Task description: Go to the line below containing "Your answer should be compact. 0.92." and print exactly from there through the line containing "Your answer should be compact. 0.87.", both included. Print nothing else.

Stored dataset items:

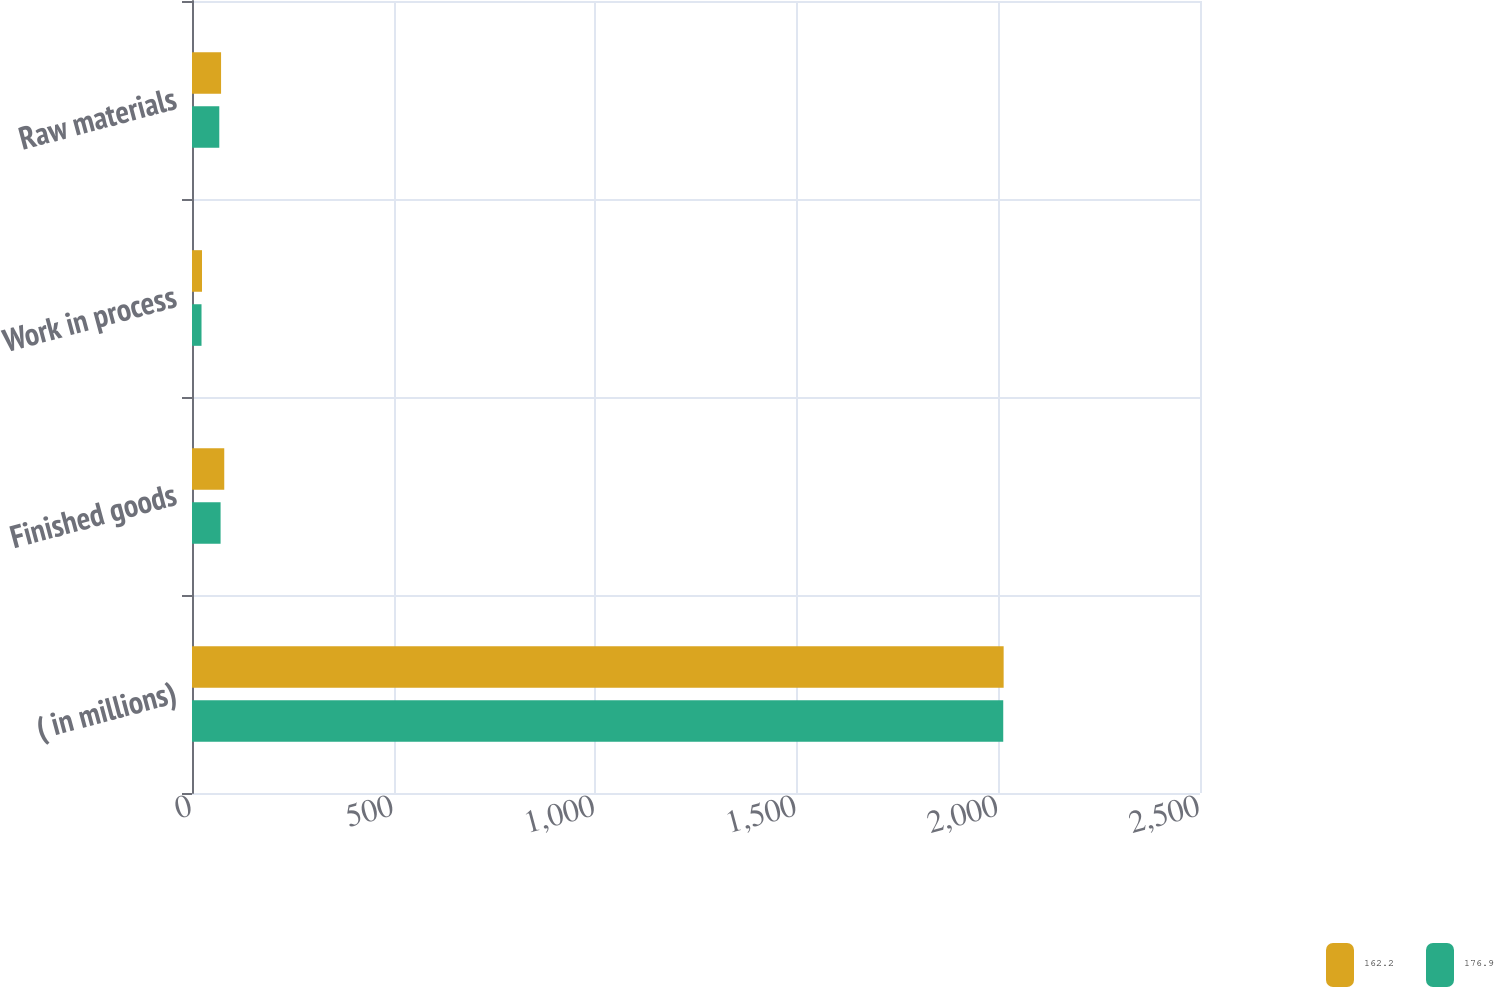Convert chart. <chart><loc_0><loc_0><loc_500><loc_500><stacked_bar_chart><ecel><fcel>( in millions)<fcel>Finished goods<fcel>Work in process<fcel>Raw materials<nl><fcel>162.2<fcel>2013<fcel>80<fcel>24.8<fcel>72.1<nl><fcel>176.9<fcel>2012<fcel>70.9<fcel>23.6<fcel>67.7<nl></chart> 
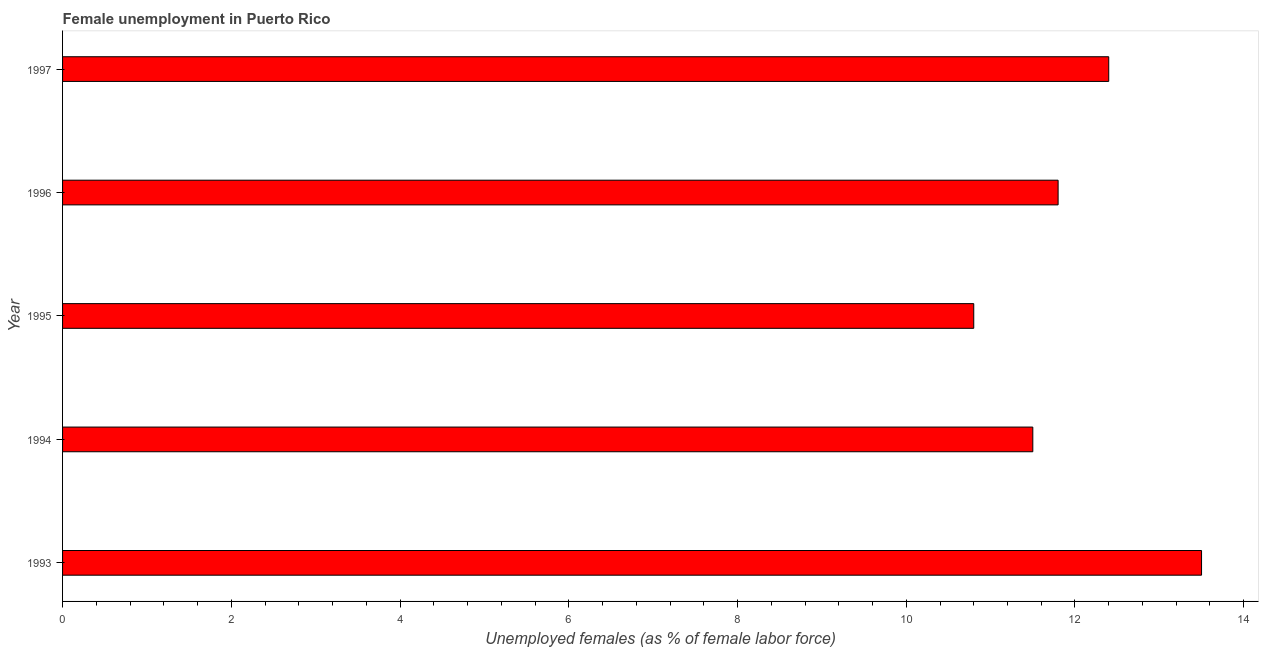Does the graph contain any zero values?
Provide a succinct answer. No. What is the title of the graph?
Your answer should be very brief. Female unemployment in Puerto Rico. What is the label or title of the X-axis?
Make the answer very short. Unemployed females (as % of female labor force). What is the label or title of the Y-axis?
Provide a succinct answer. Year. What is the unemployed females population in 1993?
Your response must be concise. 13.5. Across all years, what is the maximum unemployed females population?
Your answer should be compact. 13.5. Across all years, what is the minimum unemployed females population?
Provide a short and direct response. 10.8. In which year was the unemployed females population maximum?
Your answer should be compact. 1993. In which year was the unemployed females population minimum?
Your answer should be very brief. 1995. What is the sum of the unemployed females population?
Provide a short and direct response. 60. What is the difference between the unemployed females population in 1994 and 1996?
Provide a short and direct response. -0.3. What is the median unemployed females population?
Make the answer very short. 11.8. In how many years, is the unemployed females population greater than 5.6 %?
Offer a very short reply. 5. What is the ratio of the unemployed females population in 1993 to that in 1995?
Your response must be concise. 1.25. Is the unemployed females population in 1993 less than that in 1995?
Offer a terse response. No. Is the difference between the unemployed females population in 1995 and 1997 greater than the difference between any two years?
Your response must be concise. No. What is the difference between the highest and the lowest unemployed females population?
Provide a short and direct response. 2.7. In how many years, is the unemployed females population greater than the average unemployed females population taken over all years?
Your answer should be compact. 2. What is the difference between two consecutive major ticks on the X-axis?
Ensure brevity in your answer.  2. Are the values on the major ticks of X-axis written in scientific E-notation?
Keep it short and to the point. No. What is the Unemployed females (as % of female labor force) of 1993?
Ensure brevity in your answer.  13.5. What is the Unemployed females (as % of female labor force) in 1994?
Keep it short and to the point. 11.5. What is the Unemployed females (as % of female labor force) of 1995?
Provide a succinct answer. 10.8. What is the Unemployed females (as % of female labor force) of 1996?
Your answer should be very brief. 11.8. What is the Unemployed females (as % of female labor force) of 1997?
Your answer should be very brief. 12.4. What is the difference between the Unemployed females (as % of female labor force) in 1993 and 1996?
Make the answer very short. 1.7. What is the difference between the Unemployed females (as % of female labor force) in 1994 and 1996?
Your response must be concise. -0.3. What is the difference between the Unemployed females (as % of female labor force) in 1994 and 1997?
Keep it short and to the point. -0.9. What is the difference between the Unemployed females (as % of female labor force) in 1996 and 1997?
Provide a short and direct response. -0.6. What is the ratio of the Unemployed females (as % of female labor force) in 1993 to that in 1994?
Give a very brief answer. 1.17. What is the ratio of the Unemployed females (as % of female labor force) in 1993 to that in 1995?
Give a very brief answer. 1.25. What is the ratio of the Unemployed females (as % of female labor force) in 1993 to that in 1996?
Your response must be concise. 1.14. What is the ratio of the Unemployed females (as % of female labor force) in 1993 to that in 1997?
Provide a succinct answer. 1.09. What is the ratio of the Unemployed females (as % of female labor force) in 1994 to that in 1995?
Give a very brief answer. 1.06. What is the ratio of the Unemployed females (as % of female labor force) in 1994 to that in 1997?
Offer a very short reply. 0.93. What is the ratio of the Unemployed females (as % of female labor force) in 1995 to that in 1996?
Your answer should be compact. 0.92. What is the ratio of the Unemployed females (as % of female labor force) in 1995 to that in 1997?
Your answer should be compact. 0.87. What is the ratio of the Unemployed females (as % of female labor force) in 1996 to that in 1997?
Provide a short and direct response. 0.95. 
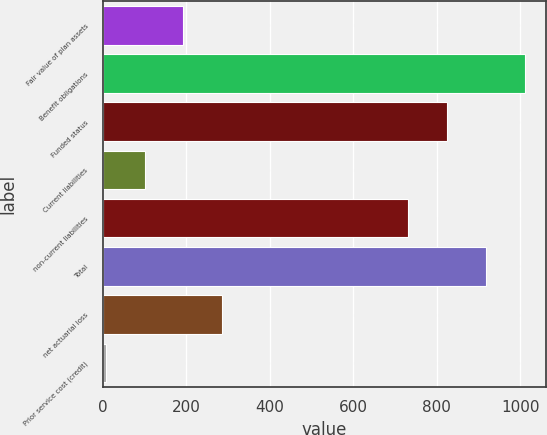Convert chart. <chart><loc_0><loc_0><loc_500><loc_500><bar_chart><fcel>Fair value of plan assets<fcel>Benefit obligations<fcel>Funded status<fcel>Current liabilities<fcel>non-current liabilities<fcel>Total<fcel>net actuarial loss<fcel>Prior service cost (credit)<nl><fcel>193.6<fcel>1011.9<fcel>825.3<fcel>100.3<fcel>732<fcel>918.6<fcel>286.9<fcel>7<nl></chart> 
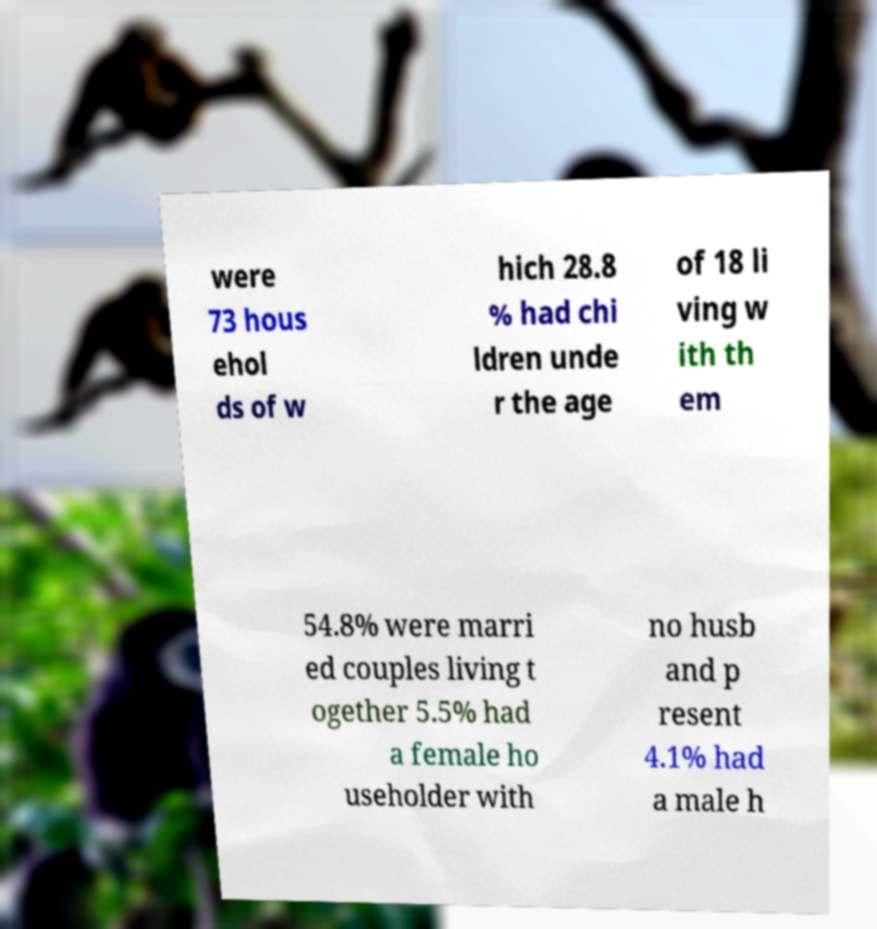Can you accurately transcribe the text from the provided image for me? were 73 hous ehol ds of w hich 28.8 % had chi ldren unde r the age of 18 li ving w ith th em 54.8% were marri ed couples living t ogether 5.5% had a female ho useholder with no husb and p resent 4.1% had a male h

Solution to this task:
Your answer should be compact. 0.92. What is the ratio of the Unemployed females (as % of female labor force) in 1995 to that in 1997?
Your answer should be compact. 0.87. What is the ratio of the Unemployed females (as % of female labor force) in 1996 to that in 1997?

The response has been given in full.